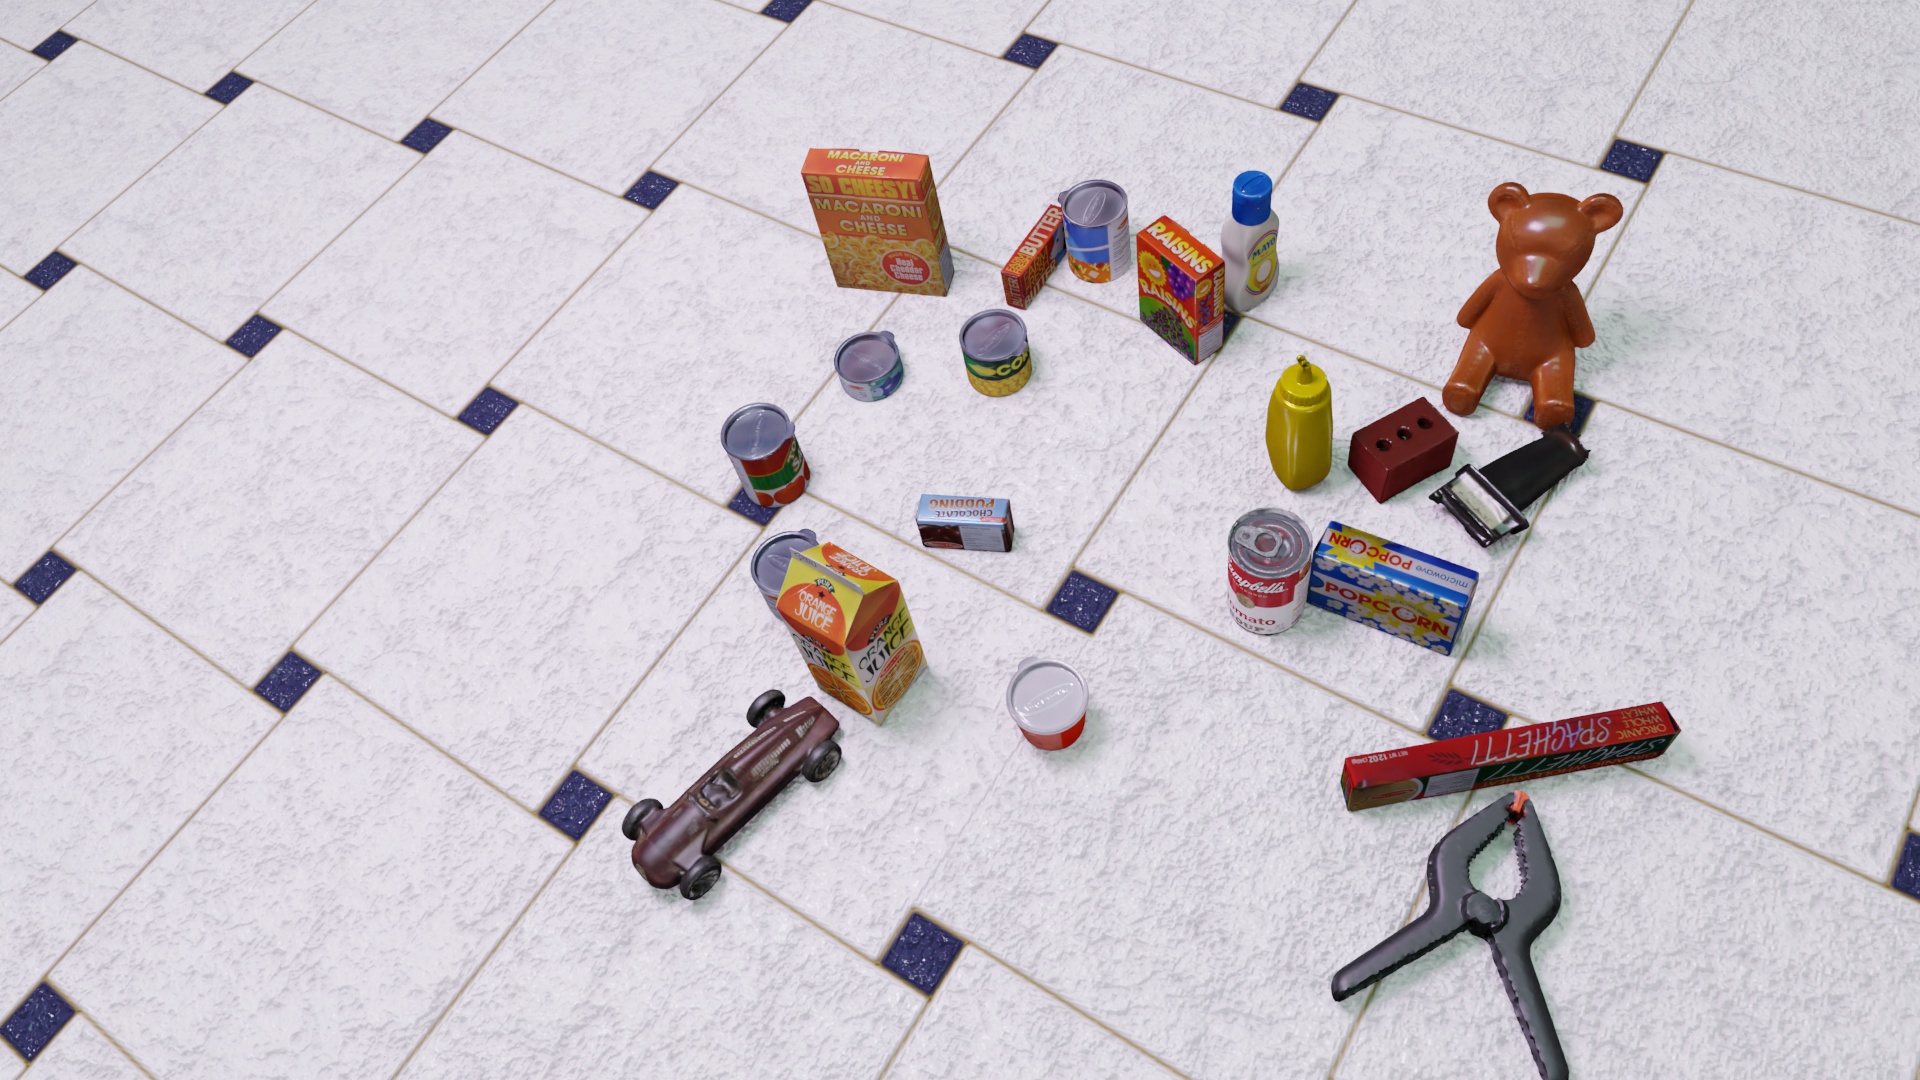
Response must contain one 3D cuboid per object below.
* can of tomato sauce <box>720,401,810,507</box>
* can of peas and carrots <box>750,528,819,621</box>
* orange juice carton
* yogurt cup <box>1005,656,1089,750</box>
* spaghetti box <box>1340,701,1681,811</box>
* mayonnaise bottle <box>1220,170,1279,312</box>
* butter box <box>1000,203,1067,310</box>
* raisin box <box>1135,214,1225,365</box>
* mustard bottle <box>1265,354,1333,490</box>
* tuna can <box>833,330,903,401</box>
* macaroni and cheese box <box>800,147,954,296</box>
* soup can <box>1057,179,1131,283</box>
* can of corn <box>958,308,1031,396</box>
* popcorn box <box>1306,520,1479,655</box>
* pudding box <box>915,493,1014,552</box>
[{"bbox_3d":[-0.181,-0.080,1.313,0.071,0.082,0.071,-4,57,7],"label":"can of tomato sauce"},{"bbox_3d":[-0.148,0.032,1.250,0.071,0.058,0.071,-4,57,7],"label":"can of peas and carrots"},{"bbox_3d":[-0.090,0.070,1.137,0.072,0.191,0.073,28,67,24],"label":"orange juice carton"},{"bbox_3d":[0.074,0.139,1.148,0.072,0.053,0.073,-4,57,7],"label":"yogurt cup"},{"bbox_3d":[0.421,0.168,1.074,0.250,0.050,0.029,-11,57,3],"label":"spaghetti box"},{"bbox_3d":[0.277,-0.287,1.329,0.065,0.147,0.041,-38,60,-14],"label":"mayonnaise bottle"},{"bbox_3d":[0.079,-0.290,1.421,0.024,0.053,0.104,24,65,22],"label":"butter box"},{"bbox_3d":[0.210,-0.238,1.324,0.040,0.123,0.086,-35,59,-12],"label":"raisin box"},{"bbox_3d":[0.296,-0.108,1.205,0.049,0.159,0.065,-19,57,-2],"label":"mustard bottle"},{"bbox_3d":[-0.089,-0.175,1.388,0.071,0.032,0.071,-4,57,7],"label":"tuna can"},{"bbox_3d":[-0.081,-0.319,1.399,0.124,0.165,0.040,7,60,14],"label":"macaroni and cheese box"},{"bbox_3d":[0.136,-0.313,1.408,0.071,0.083,0.071,-4,57,7],"label":"soup can"},{"bbox_3d":[0.037,-0.182,1.356,0.071,0.058,0.071,-4,57,7],"label":"can of corn"},{"bbox_3d":[0.355,0.040,1.146,0.127,0.085,0.038,22,64,21],"label":"popcorn box"},{"bbox_3d":[0.005,-0.016,1.261,0.084,0.049,0.030,3,59,11],"label":"pudding box"}]
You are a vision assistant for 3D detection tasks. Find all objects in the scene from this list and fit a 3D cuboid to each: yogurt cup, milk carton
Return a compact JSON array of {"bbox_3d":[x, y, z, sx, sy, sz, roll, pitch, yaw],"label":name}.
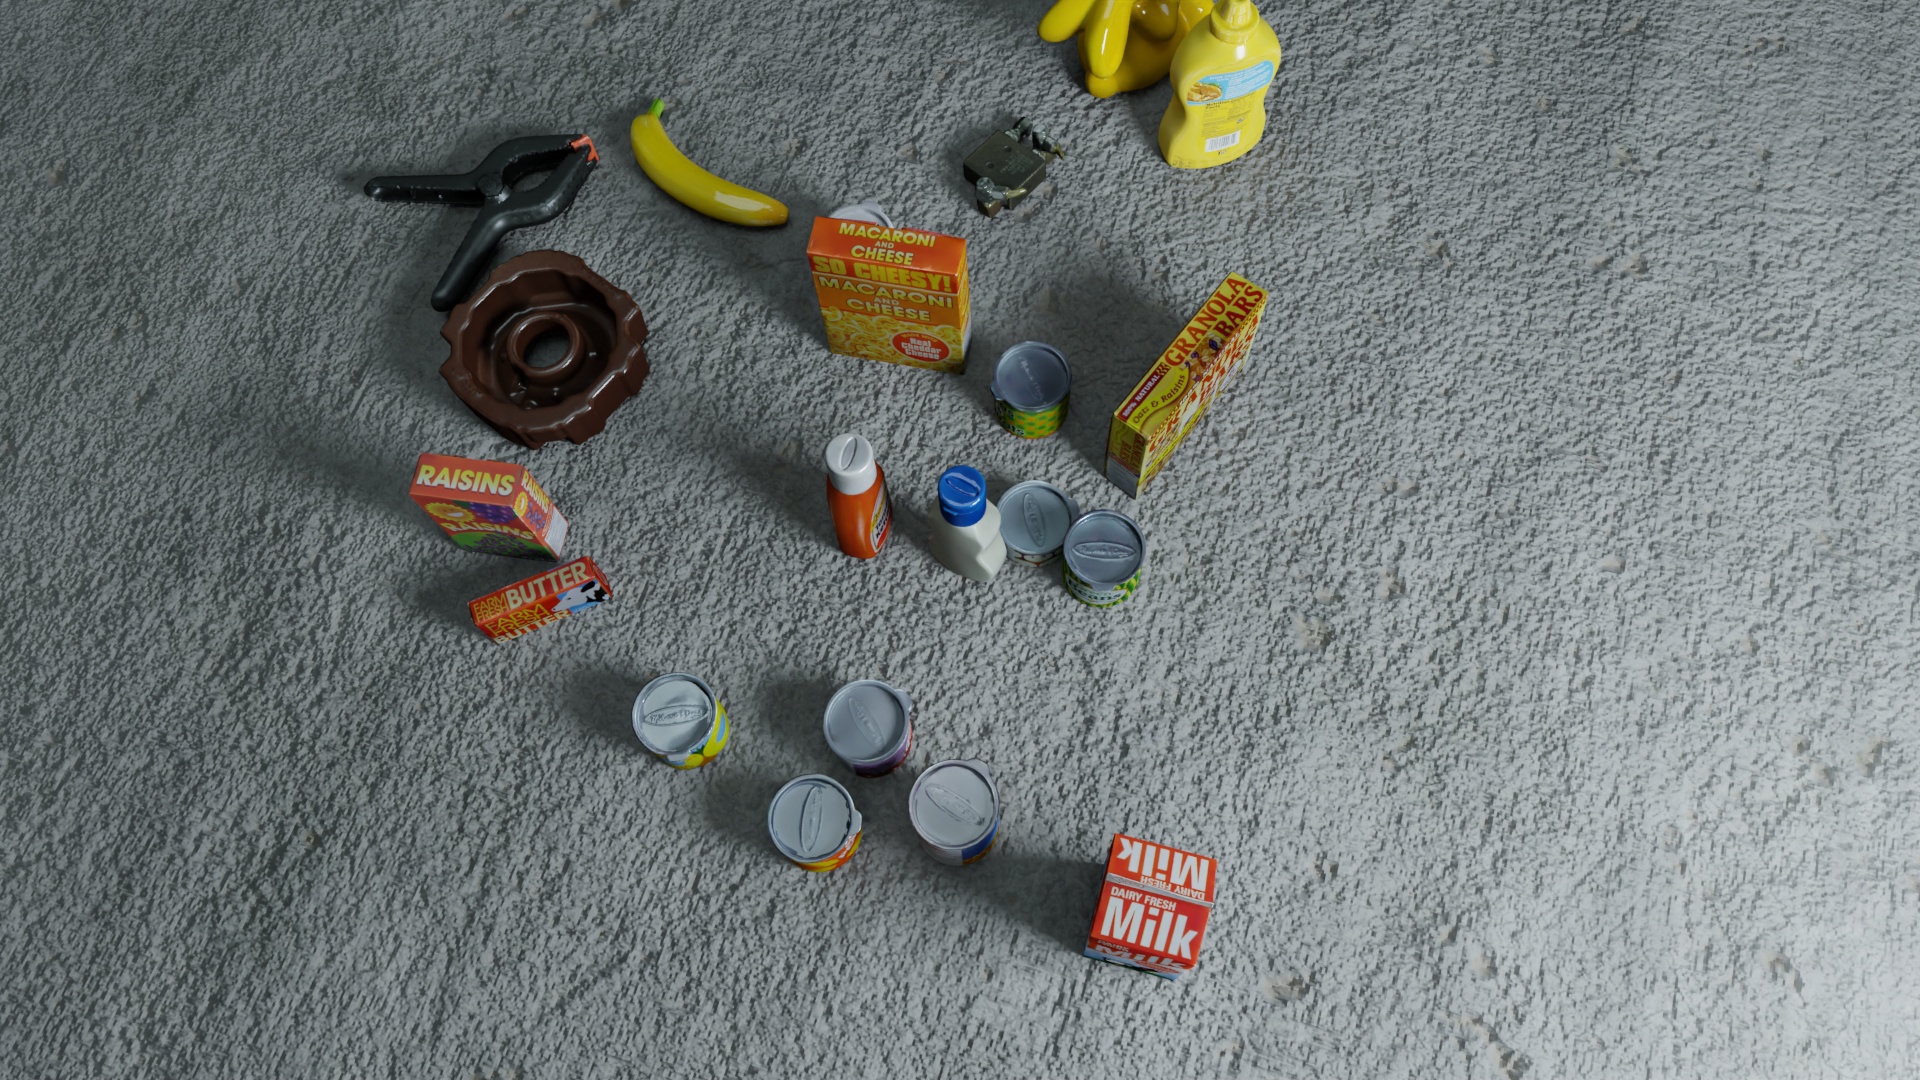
[{"bbox_3d":[-0.091,-0.259,1.247,0.072,0.053,0.072,-1,68,2],"label":"yogurt cup"},{"bbox_3d":[0.130,0.254,0.962,0.072,0.190,0.074,14,70,7],"label":"milk carton"}]

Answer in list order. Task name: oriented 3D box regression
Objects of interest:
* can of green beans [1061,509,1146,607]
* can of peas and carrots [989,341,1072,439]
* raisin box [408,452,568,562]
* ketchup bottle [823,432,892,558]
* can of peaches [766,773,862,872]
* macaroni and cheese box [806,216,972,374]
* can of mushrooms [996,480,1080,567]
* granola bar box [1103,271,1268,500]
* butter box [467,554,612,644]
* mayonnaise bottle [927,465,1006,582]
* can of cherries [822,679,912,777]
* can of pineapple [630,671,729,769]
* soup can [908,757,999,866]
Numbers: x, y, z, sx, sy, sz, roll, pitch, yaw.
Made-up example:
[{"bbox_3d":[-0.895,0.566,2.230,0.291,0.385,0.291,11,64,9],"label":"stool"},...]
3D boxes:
[{"bbox_3d":[0.115,0.016,1.129,0.071,0.057,0.071,-1,68,2],"label":"can of green beans"},{"bbox_3d":[0.059,-0.126,1.187,0.071,0.058,0.071,-1,68,2],"label":"can of peas and carrots"},{"bbox_3d":[-0.379,-0.026,1.126,0.086,0.123,0.040,8,69,5],"label":"raisin box"},{"bbox_3d":[-0.083,-0.038,1.108,0.043,0.148,0.065,13,70,7],"label":"ketchup bottle"},{"bbox_3d":[-0.108,0.216,1.056,0.071,0.058,0.071,-1,68,2],"label":"can of peaches"},{"bbox_3d":[-0.056,-0.203,1.163,0.124,0.166,0.040,10,69,6],"label":"macaroni and cheese box"},{"bbox_3d":[0.064,-0.014,1.155,0.071,0.033,0.071,-1,68,2],"label":"can of mushrooms"},{"bbox_3d":[0.183,-0.127,1.148,0.039,0.123,0.166,36,74,14],"label":"granola bar box"},{"bbox_3d":[-0.342,0.049,1.133,0.103,0.053,0.024,-22,70,-7],"label":"butter box"},{"bbox_3d":[0.004,-0.014,1.096,0.065,0.147,0.041,27,72,12],"label":"mayonnaise bottle"},{"bbox_3d":[-0.069,0.147,1.082,0.071,0.058,0.072,-1,68,2],"label":"can of cherries"},{"bbox_3d":[-0.219,0.144,1.088,0.071,0.057,0.071,-1,68,2],"label":"can of pineapple"},{"bbox_3d":[-0.002,0.204,1.044,0.071,0.083,0.071,-1,69,2],"label":"soup can"}]

---

**TASK PROMPT**
Answer with a single number: the count of lines in the entries that hold the word "list".

**SOLUTION BELOW**
2